**What is expected**
Your answer should be an exact copy of the lines from the start of the entries to the line containing "Answer: John Doe", both included.

--- Material provided Enclosed Below ---

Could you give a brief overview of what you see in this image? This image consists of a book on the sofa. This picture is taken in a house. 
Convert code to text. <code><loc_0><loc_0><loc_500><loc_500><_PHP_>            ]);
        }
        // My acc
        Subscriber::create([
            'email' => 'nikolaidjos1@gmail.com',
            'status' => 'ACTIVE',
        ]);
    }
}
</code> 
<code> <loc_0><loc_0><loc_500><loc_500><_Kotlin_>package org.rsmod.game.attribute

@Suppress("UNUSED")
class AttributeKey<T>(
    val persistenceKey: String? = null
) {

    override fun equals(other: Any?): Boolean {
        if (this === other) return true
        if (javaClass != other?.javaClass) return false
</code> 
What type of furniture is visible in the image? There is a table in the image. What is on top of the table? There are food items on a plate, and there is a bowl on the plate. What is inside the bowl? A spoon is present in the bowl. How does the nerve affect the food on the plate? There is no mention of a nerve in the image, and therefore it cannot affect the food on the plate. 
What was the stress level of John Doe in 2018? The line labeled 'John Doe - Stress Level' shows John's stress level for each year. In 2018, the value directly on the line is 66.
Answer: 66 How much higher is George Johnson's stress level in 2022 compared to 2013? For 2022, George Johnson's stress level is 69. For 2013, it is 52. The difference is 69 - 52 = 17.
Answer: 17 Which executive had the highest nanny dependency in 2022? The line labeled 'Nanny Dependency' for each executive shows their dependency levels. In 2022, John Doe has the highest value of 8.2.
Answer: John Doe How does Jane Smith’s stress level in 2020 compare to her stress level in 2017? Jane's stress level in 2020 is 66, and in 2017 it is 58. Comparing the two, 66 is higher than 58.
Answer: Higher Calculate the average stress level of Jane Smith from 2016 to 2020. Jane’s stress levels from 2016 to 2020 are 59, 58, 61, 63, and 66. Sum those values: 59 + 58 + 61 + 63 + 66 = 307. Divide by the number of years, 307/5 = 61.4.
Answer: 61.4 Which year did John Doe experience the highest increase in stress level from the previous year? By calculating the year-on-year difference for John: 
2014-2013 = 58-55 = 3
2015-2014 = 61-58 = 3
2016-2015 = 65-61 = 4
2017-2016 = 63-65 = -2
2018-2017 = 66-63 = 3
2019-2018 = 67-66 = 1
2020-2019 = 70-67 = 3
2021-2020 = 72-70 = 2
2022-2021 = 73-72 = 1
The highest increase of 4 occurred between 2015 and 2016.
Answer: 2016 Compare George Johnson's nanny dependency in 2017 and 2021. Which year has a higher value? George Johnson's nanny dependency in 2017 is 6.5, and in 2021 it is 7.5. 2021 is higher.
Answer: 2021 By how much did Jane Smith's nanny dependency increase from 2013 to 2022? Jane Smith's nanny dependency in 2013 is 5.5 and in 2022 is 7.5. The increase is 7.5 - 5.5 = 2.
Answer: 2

--- End of Enclosed Material provided ---

**Reply**
Could you give a brief overview of what you see in this image? This image consists of a book on the sofa. This picture is taken in a house. 
Convert code to text. <code><loc_0><loc_0><loc_500><loc_500><_PHP_>            ]);
        }
        // My acc
        Subscriber::create([
            'email' => 'nikolaidjos1@gmail.com',
            'status' => 'ACTIVE',
        ]);
    }
}
</code> 
<code> <loc_0><loc_0><loc_500><loc_500><_Kotlin_>package org.rsmod.game.attribute

@Suppress("UNUSED")
class AttributeKey<T>(
    val persistenceKey: String? = null
) {

    override fun equals(other: Any?): Boolean {
        if (this === other) return true
        if (javaClass != other?.javaClass) return false
</code> 
What type of furniture is visible in the image? There is a table in the image. What is on top of the table? There are food items on a plate, and there is a bowl on the plate. What is inside the bowl? A spoon is present in the bowl. How does the nerve affect the food on the plate? There is no mention of a nerve in the image, and therefore it cannot affect the food on the plate. 
What was the stress level of John Doe in 2018? The line labeled 'John Doe - Stress Level' shows John's stress level for each year. In 2018, the value directly on the line is 66.
Answer: 66 How much higher is George Johnson's stress level in 2022 compared to 2013? For 2022, George Johnson's stress level is 69. For 2013, it is 52. The difference is 69 - 52 = 17.
Answer: 17 Which executive had the highest nanny dependency in 2022? The line labeled 'Nanny Dependency' for each executive shows their dependency levels. In 2022, John Doe has the highest value of 8.2.
Answer: John Doe How does Jane Smith’s stress level in 2020 compare to her stress level in 2017? Jane's stress level in 2020 is 66, and in 2017 it is 58. Comparing the two, 66 is higher than 58.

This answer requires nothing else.